Installation instructions for playsound library:

If you encounter issues with automatic installation, you can install playsound manually by following these steps:

  1. Download the source code from the playsound GitHub repository: playsound on GitHub.

  2. Extract the downloaded archive.

  3. Open a command prompt or terminal in the extracted directory.

  4. Run the following command to install playsound:

      python setup.py install

Usage

  1. Navigate to the Codes directory inside main project Real-Time-Traffic-Sign-Detection-and-Classification-with-Voice-Alert :

      cd Codes
  2. Run the detection script with the desired parameters For running on the Default Webcam of the laptop, run:

      python detect.py --source 0

    OR

    Run the Python TKinter GUI Application script by executing following command:

       python gui.py

Instructions for providing Wireless or IP Camera Streaming URL:

In the streaming URL entry, you can use the following format for an IP camera:

  For general format: http://username:password@IP:PORT/video
  Example: http://admin:your_password@192.168.1.100:8080/video

Make sure to replace 'username', 'password', 'IP', 'PORT', and 'your_password' with the actual credentials and details of your IP camera.

For more details on accessing IP cameras in Python using OpenCV, refer to the following Stack Overflow post: Access IP Camera in Python OpenCV

Testing:

  1. Navigate to the Codes directory:

      cd Codes
  2. For testing: Before running the next command, put your test file in the directory named Test.

      python detect.py --source ../Test/(name of your file)

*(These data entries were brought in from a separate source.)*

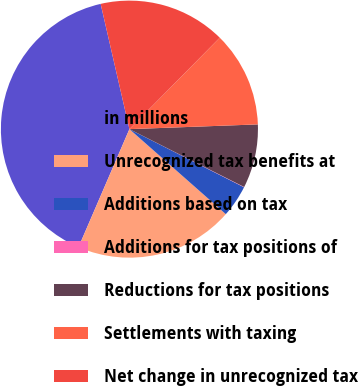<chart> <loc_0><loc_0><loc_500><loc_500><pie_chart><fcel>in millions<fcel>Unrecognized tax benefits at<fcel>Additions based on tax<fcel>Additions for tax positions of<fcel>Reductions for tax positions<fcel>Settlements with taxing<fcel>Net change in unrecognized tax<nl><fcel>39.93%<fcel>19.98%<fcel>4.03%<fcel>0.04%<fcel>8.02%<fcel>12.01%<fcel>16.0%<nl></chart> 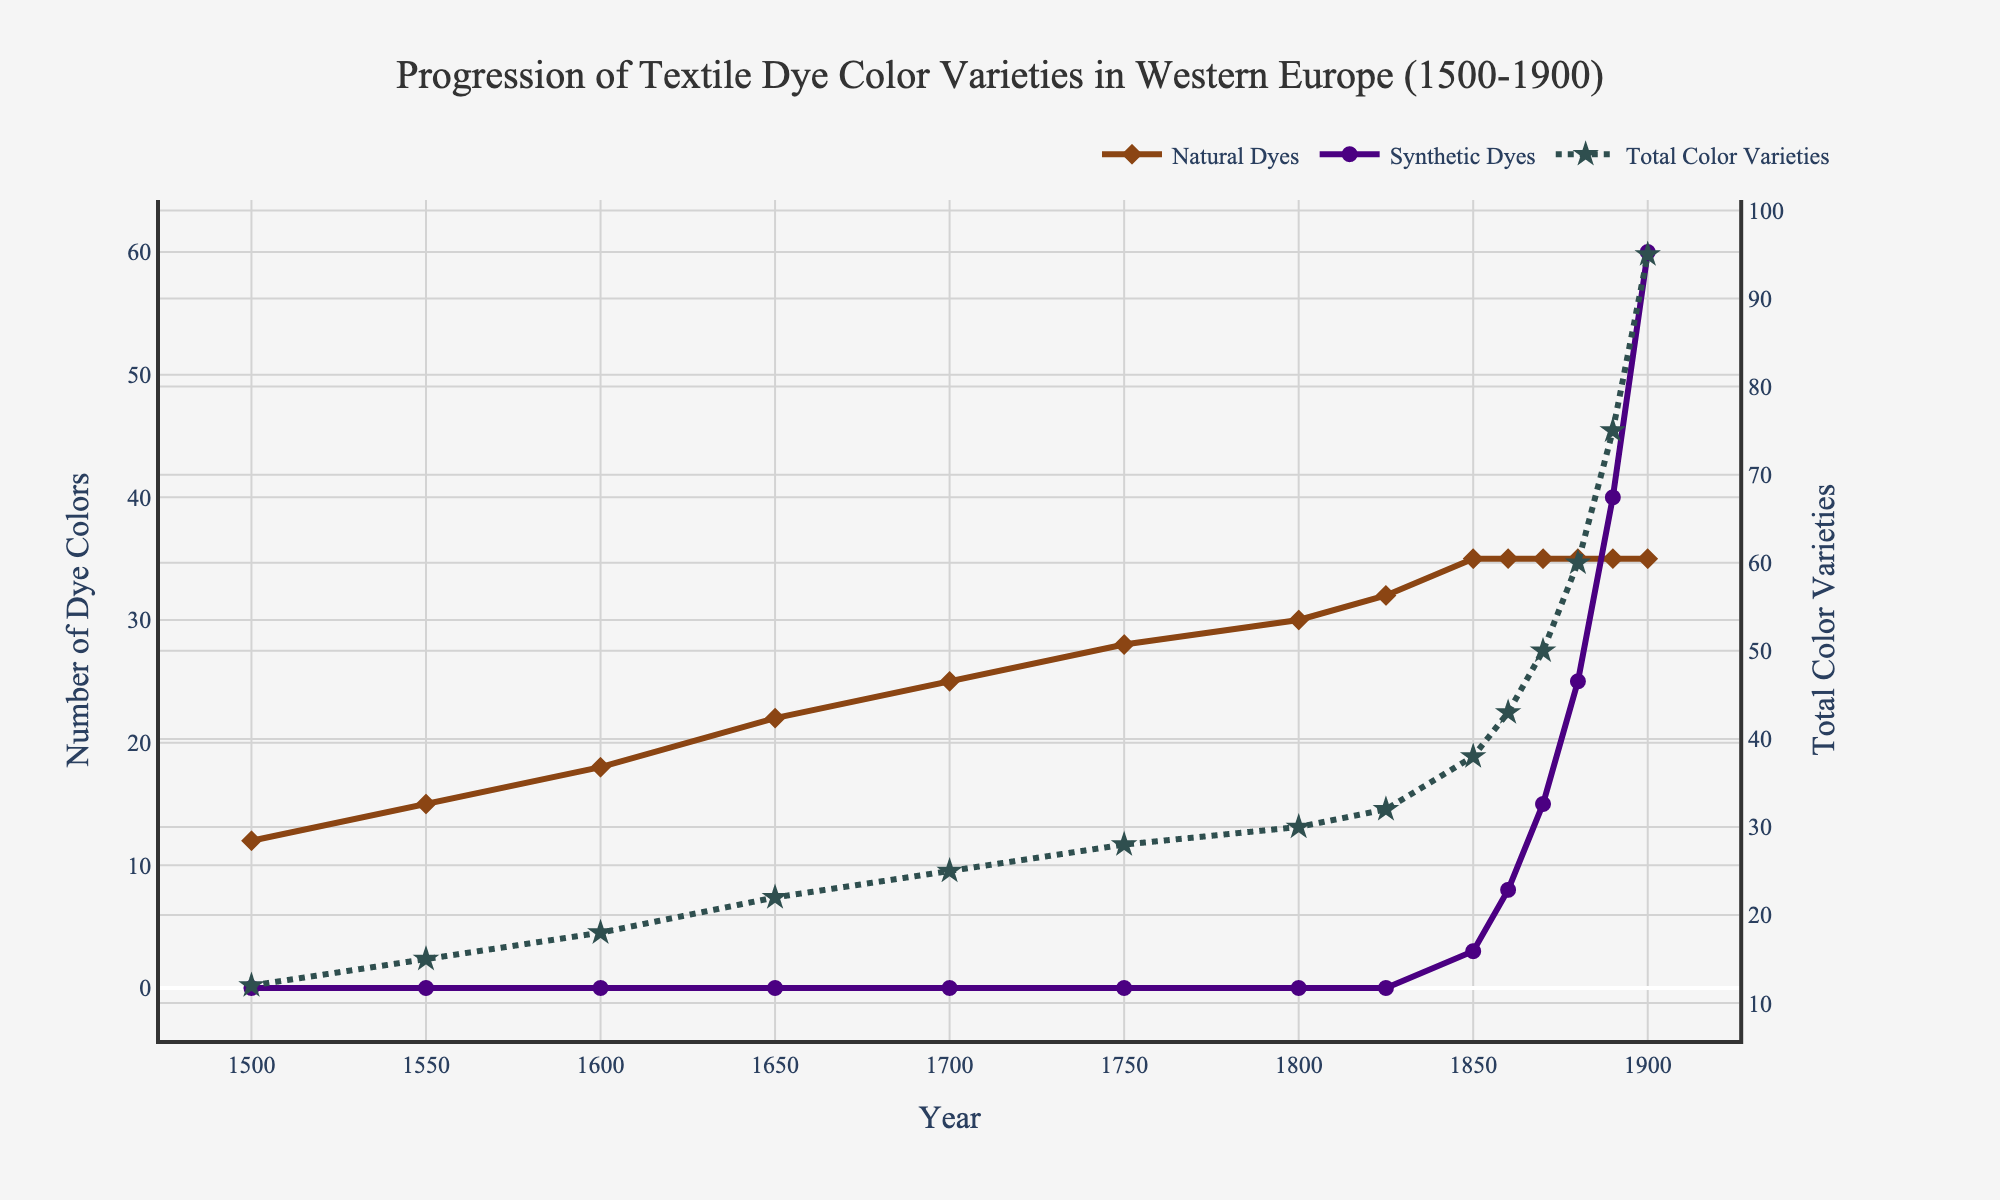What was the total number of color varieties available in 1850? To find this, look at the data points in the Total Color Varieties line for the year 1850. The graph shows a dot hovering around 38.
Answer: 38 In which year did synthetic dyes first appear? Check the Synthetic Dyes line graph to see when it first deviated from zero. The year is 1850.
Answer: 1850 Compare the number of natural dye colors available in 1700 and 1750. Which year had more? By examining the Natural Dyes line, one can see that the quantity increased from 25 in 1700 to 28 in 1750.
Answer: 1750 How many dye color varieties were added from 1800 to 1900? Look at Total Color Varieties in the years 1800 and 1900. The difference between 95 (1900) and 30 (1800) is 65.
Answer: 65 What were the total color varieties available in 1870, and how much did synthetic dyes contribute to it? Check the Total Color Varieties and Synthetic Dyes lines for 1870. Total is 50; synthetic dyes contributed 15.
Answer: Total: 50, Synthetic: 15 What is the trend in natural dye color varieties between 1500 and 1900? The Natural Dyes line shows a steady increase until 1825 where it plateaus at 35 colors and remains constant afterward.
Answer: Steadily increases until plateau By how much did the total color varieties increase from 1850 to 1880? The Total Color Varieties line shows an increase from 38 in 1850 to 60 in 1880. The difference is 22.
Answer: 22 Which had a higher growth rate between 1850 and 1900: natural dyes or synthetic dyes? The Synthetic Dyes line increased from 3 to 60 (57 dyes) while the Natural Dyes line remained at 35, showing no growth from 1850 onwards.
Answer: Synthetic dyes How many total dye color varieties were there in 1825 compared to 1870? Look at the Total Color Varieties line. 1825 had 32 and 1870 had 50.
Answer: 1825: 32, 1870: 50 Between which decades did synthetic dyes see the largest increase in color varieties? The largest increase in the Synthetic Dyes line occurs between 1880 (25 colors) and 1890 (40 colors), indicating an addition of 15.
Answer: 1880-1890

    For example, if your image name is test.jpg, then put your image in the directory named Test and run:

      python detect.py --source ../Test/test1.jpeg

    Above, the same step can also be used to test the model on video files.

Contributing

Contributions are welcome! Feel free to fork the repository, make improvements, and submit a pull request. Please follow best practices and maintain code clarity.

If you would like to contribute to the project, follow these steps:

  1. Fork the repository.

  2. Create a new branch:

      git checkout -b feature/your-feature-name
  3. Make your changes and commit:

      git commit -m "Add your feature"
  4. Push to your branch:

      git push origin feature/your-feature-name
  5. Create a pull request on GitHub.